The CSLers with international caps

By Ralph 'Onz' Chery

The CSLers with international caps

NY Pancyprian Freedoms forward Shavon John-Brown in a match with Grenada. Grenada Football Association Images


By Ralph 'Onz' Chery

Nov. 25th, 2018


The odds of a professional player to earn a national team cap is about six percent. The CSL’s top flight is in the fifth tier of the U.S. soccer pyramid yet five of the registered players have represented their countries.

Cedar Stars Academy midfielder Danny Szetela was a member of the U.S. men national team from 2007 to 2008, NY Pancyprian Freedoms forward Alecko Eskandarian played a game for the U.S. in 2003, his teammate, Shavon John-Brown is currently playing for Grenada.

Lansdowne Yonkers F.C.’s midfielder Dawda Bah took part in nine matches for Gambia from 2000 to 2011 while his teammate Aaron Dennis is a member of the United States Virgin Islands national team.

Before playing for the United States men’s team, Szetela starred in the country's youth national teams. The Jersey native netted two goals in four games in the U-17 2003 World Cup, in which he was the second youngest player in the Yanks’ roster.

Szetela later played in the U-20 World Cup in 2007. He tallied three goals in the tournament, including a brace against his parents’ country, Poland—he kissed the U.S.A logo on his jersey after scoring his first goal.


Danny Szetela celebrating with his teammates after scoring in the U-20 World Cup in 2007 versus Poland. USA TODAY Sports Images


The 31-year-old played versus megastars as Marcelo, Luis Suarez, Edinson Cavani in the 2007 U-20 World Cup.

Four months after the U-20 World Cup, Szetela made his debut with the men’s team in a friendly versus Switzerland. His career with the youth national team was astounding but doesn’t compare to the joy he felt when he played for the men’s team.

“It was awesome. Many times as a player, when you get to represent your country it’s an honor,” Szetela said. “I played with the youth national team in the U-20 World Cup, the U-17 World Cup, the Olympics but when you step on the field to play with the full team it’s a different feeling.”

The Cosmos B captain rolled his terrific youth national career into his first cap on the senior team, assisting Michael Bradley’s 1-0 winner in the 86th minute at 20 years of age.

After the match versus Switzerland, Szetela only played in two more matches for the U.S. The American’s international career ended prematurely but as mentioned there’s two other CSLers who’s names are still on a national team's roster: John-Brown and Dennis.

Although John-Brown was born in Canada, the 23-year-old decided to play for his parents’ country of birth and the country where he was raised, Grenada.


NY Pancyprian Freedoms forward Shavon John-Brown representing Grenada. Grenada Football Association Images


It started in 2012, when he was 16. The Pancyprians’ forward was subbed in the 80th minute in Grenada’s match versus Guyana, which they ended up losing, 2-1.

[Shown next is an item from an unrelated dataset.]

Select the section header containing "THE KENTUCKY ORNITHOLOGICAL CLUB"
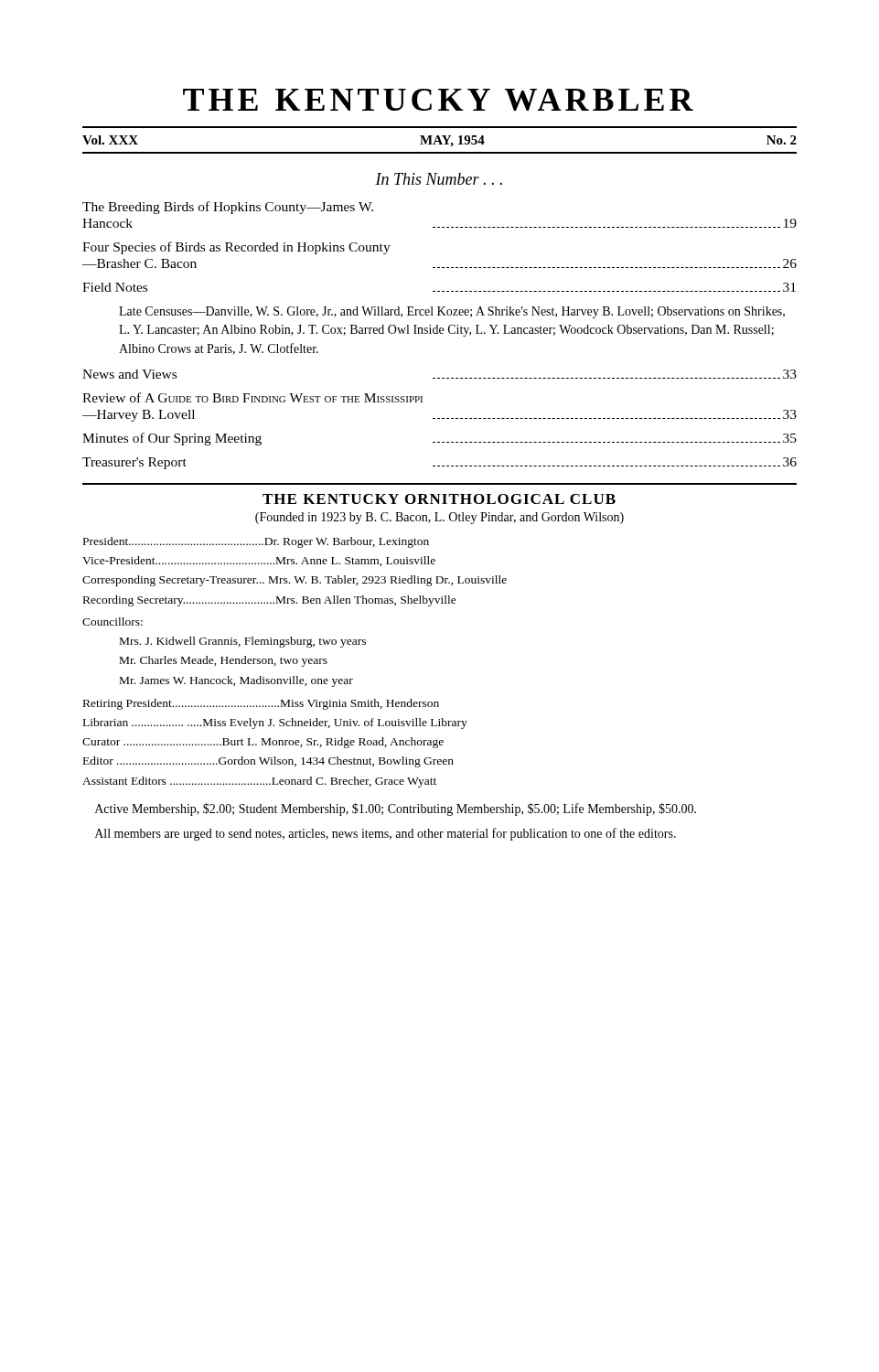 click(x=440, y=499)
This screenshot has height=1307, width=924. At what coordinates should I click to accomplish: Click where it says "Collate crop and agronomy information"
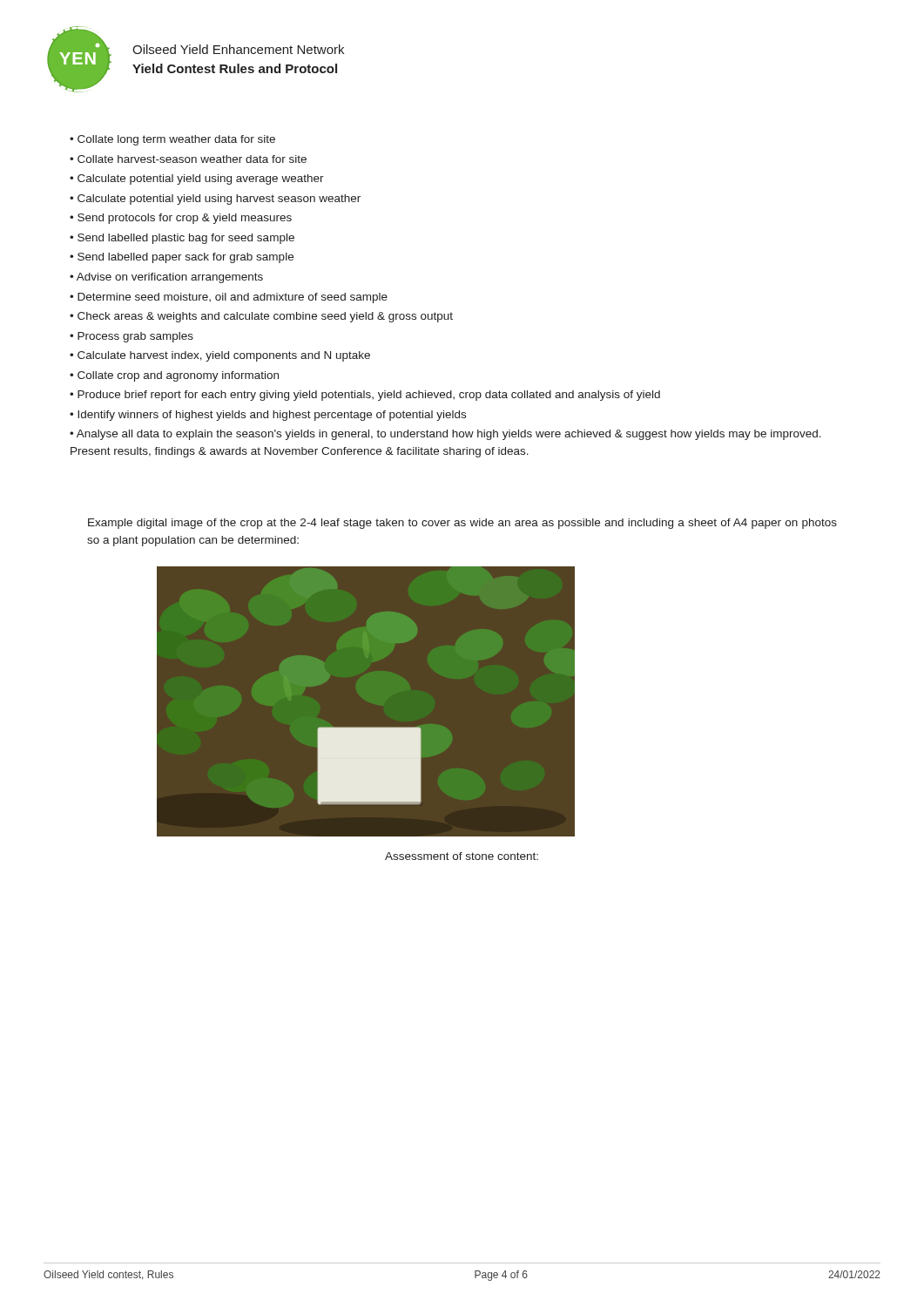(178, 375)

As expected 16-year-old John-Brown wasn’t the most confident player on the pitch.

“I’ve never been so scared to play football in my life,” the Canadian-born joked. “[But] it was a great experience to be around some of the players I always looked up to, for example Shane Rennie, just being around the team I learned a lot.

“I just was a little scared when I came on the field but after my first touch everything started to fall in place.”

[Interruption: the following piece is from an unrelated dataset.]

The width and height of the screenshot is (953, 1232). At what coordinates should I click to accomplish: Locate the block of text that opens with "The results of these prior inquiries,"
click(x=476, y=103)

Everything did start to fall into place, John-Brown has now played in 17 matches for Grenada, scoring four goals. He was on target versus Sint Maarten, bagged a brace against Porto Rico in the last World Cup qualifiers and also found the net against Saint Lucia in a friendly.

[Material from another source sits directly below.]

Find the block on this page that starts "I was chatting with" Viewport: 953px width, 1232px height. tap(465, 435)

Things fell into even better places, the starlet was selected as Grenada Player of the Year in 2017. John-Brown last played for the Spice Boyz on November 16th in a 5-2 win over Saint-Martin, in which he racked an assist.

17 international caps, four goals and 2017 Grenada Player of the Year award at 23 isn’t enough to quench John-Brown’s thirst for success.

“I don't think I can say I'm satisfied with where I am because that would be a lie, I do think I can take it to another level, which I'm willing to do right now,” he said.

John-Brown started playing in the CSL with the Freedoms this season and already found something from the club he wants to transfer into Grenada’s national team, who’s coached by a former Pancyprians player, Shalrie Joseph.

“My first season there [with the Freedoms] is one of a kind,” the Grenada midfielder said.

“I can tell you that the group of guys there, anyone would love to play with them, the team spirit and determination is there, that's what I'm trying to bring into the national team, because once you got a team that is willing to work for each other, it can take that team a long way.”

John-Brown is the Freedoms’ top scorer in the CSL, tallying five goals in as many appearances.

As for the other three players with international caps in the league, Dennis, who played two matches for United States Virgin Islands this year, notched one CSL goal after joining Lansdowne in October. Former Gambia international Bah has two CSL goals to his name so far this season while ex-U.S.A striker Eskandarian has yet to play for the Freedoms this campaign but was on the scoring sheet three times in two outings last season.